Even though Bratislava was once known as the Beauty on the Danube, the river has never been an integral part of the city that can be enjoyed by its citizens. The original reason was that the river was subject to occasional, destructive floods that severely damaged the city numerous times. Only after Italian engineer Enea Grazioso Lanfranconi redesigned the Danube’s riverbed, in the late nineteenth century, and the Gabčíkovo hydropower plant was built, in the late twentieth century, was this threat significantly reduced.

But while the green belt forming the river’s inundation area, comprising riparian forests and meadows that flank both banks, is a popular destination for Bratislava residents and visitors looking for nature and recreation, its potential for sustainable tourism has yet to be fully tapped. The project Bratislava Danube Park (BDP) should change this. The idea of its initiators is to unite the natural areas on the left and right banks of the Danube in Bratislava into one nature park with a single administration, and to utilise the potential of the river for sports and recreation.
“The second longest river in Europe flows through Bratislava and its added value is not used by the capital to the same extent as in neighbouring Vienna,” said Dana Hudcová, deputy director of the Bratislava Metropolitan Institute (MIB), at the launch of a study introducing Bratislava Danube Park in late March.
Experts from the BDP initiative joined forces with the MIB to elaborate the paper, the first comprehensive urban-landscape study of the future park.

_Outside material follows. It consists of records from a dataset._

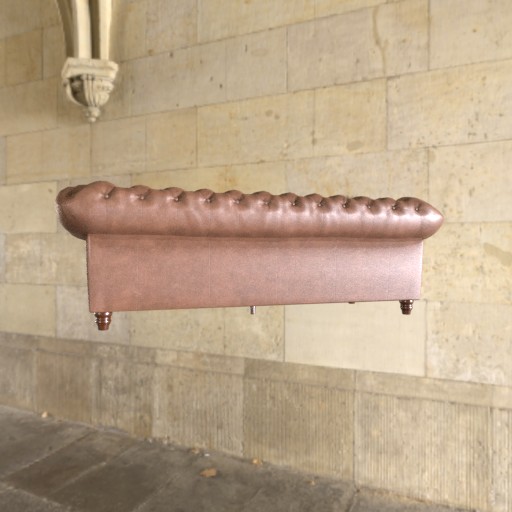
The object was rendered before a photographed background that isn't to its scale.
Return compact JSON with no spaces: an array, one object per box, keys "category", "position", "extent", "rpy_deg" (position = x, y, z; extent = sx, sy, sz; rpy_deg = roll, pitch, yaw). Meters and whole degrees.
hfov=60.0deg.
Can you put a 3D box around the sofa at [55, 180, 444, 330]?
[{"category":"sofa","position":[0.000,0.000,2.925],"extent":[2.385,0.783,0.944],"rpy_deg":[0,0,-19]}]
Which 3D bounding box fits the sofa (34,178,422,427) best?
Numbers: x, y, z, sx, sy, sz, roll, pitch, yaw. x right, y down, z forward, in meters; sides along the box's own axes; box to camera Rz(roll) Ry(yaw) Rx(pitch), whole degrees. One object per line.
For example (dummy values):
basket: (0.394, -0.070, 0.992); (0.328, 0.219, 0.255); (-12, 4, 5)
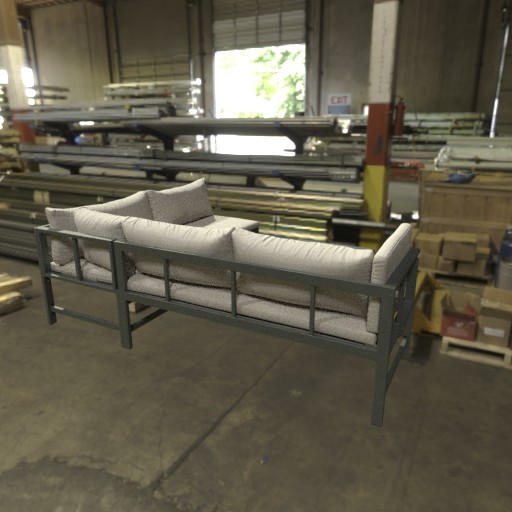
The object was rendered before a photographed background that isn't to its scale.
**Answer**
sofa: (0.000, 0.000, 2.923); (2.096, 0.758, 1.658); (9, 19, 27)

Its area would exceed 4,130 hectares, and spread from Devín to Čunovo, both boroughs of Bratislava, along the right and left banks of the Danube for about 28 kilometres, excluding just the built-up areas of the city. It features floodplain forests and inundation areas, rare remnants of the Danube’s inland delta, nature reserves at Starý Háj, Dunajské Ostrovy and Ostrovné Lúčky, as well as the Pečniansky Les, Soví Les, Chorvatské Rameno and Hrabiny protected areas.
The study contains key data as well as suggestions on how to connect this vast area of Danube nature into a single unit and create suitable sites that people could use for relaxation and sports.
“The rapid development of the city must be balanced,” said Hudcová. “The ideal counterweight to intensive urbanisation is natural areas that will allow Bratislavans to slow down.”